- Directed by: Duke Johnson
- Screenplay by: George Saunders
- Based on: Lincoln in the Bardo by George Saunders
- Produced by: Duke Johnson; Tom Hanks; Gary Goetzman; Paul Young; Devon Young Rabinowitz;
- Starring: Tom Hanks
- Cinematography: John Mathieson
- Production companies: Playtone; Starburns Industries;
- Country: United States
- Language: English

= Lincoln in the Bardo (film) =

Lincoln in the Bardo is an upcoming live-action/stop motion animated film directed by Duke Johnson.

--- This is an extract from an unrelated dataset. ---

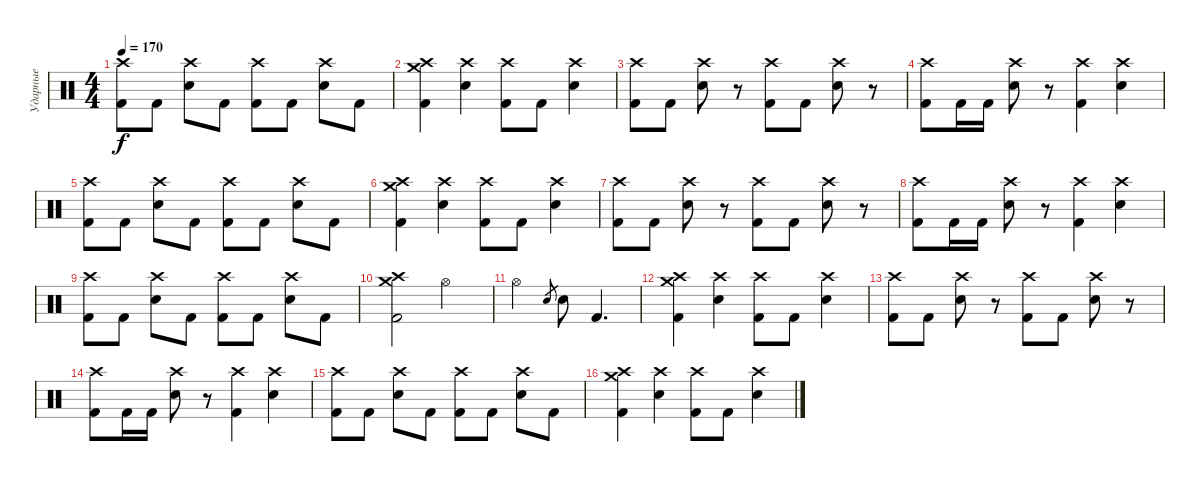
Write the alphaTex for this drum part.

It is based on the novel of the same name by George Saunders.

==Premise==
Depicts the life of Abraham Lincoln following the death of his son William Wallace Lincoln.

==Cast==
- Tom Hanks as Abraham Lincoln
- Willem Dafoe as the voice of Everly Thomas
- Jonathan Bailey as the voice of Roger Bevins
- Peter Dinklage as the voice of Hans Vollman
- Meryl Streep as the voices of Abigail Blass / Elizabeth Crawford / Angel / Demon
- Colman Domingo as the voice of Thomas Havens
- Bill Hader as the voices of Eddie Baron / Rake
- Tom Waits as the voices of Jasper Randall / Demon
- André Holland
- Alanah Bloor as Anna
- Mary Birdsong
- Jordan Luke Gage as Gilbert

==Production==
It was announced in February 2026 that Duke Johnson was set to direct the film, with the film mixing live action with stop motion. George Saunders, who wrote the novel, was set to adapt the screenplay, and Tom Hanks was cast to portray Abraham Lincoln. Willem Dafoe, Jonathan Bailey and Peter Dinklage would join the cast in voice roles in August, while Meryl Streep, Colman Domingo, Bill Hader, and Tom Waits would be added to the voice cast in September.

Live action filming took place in London.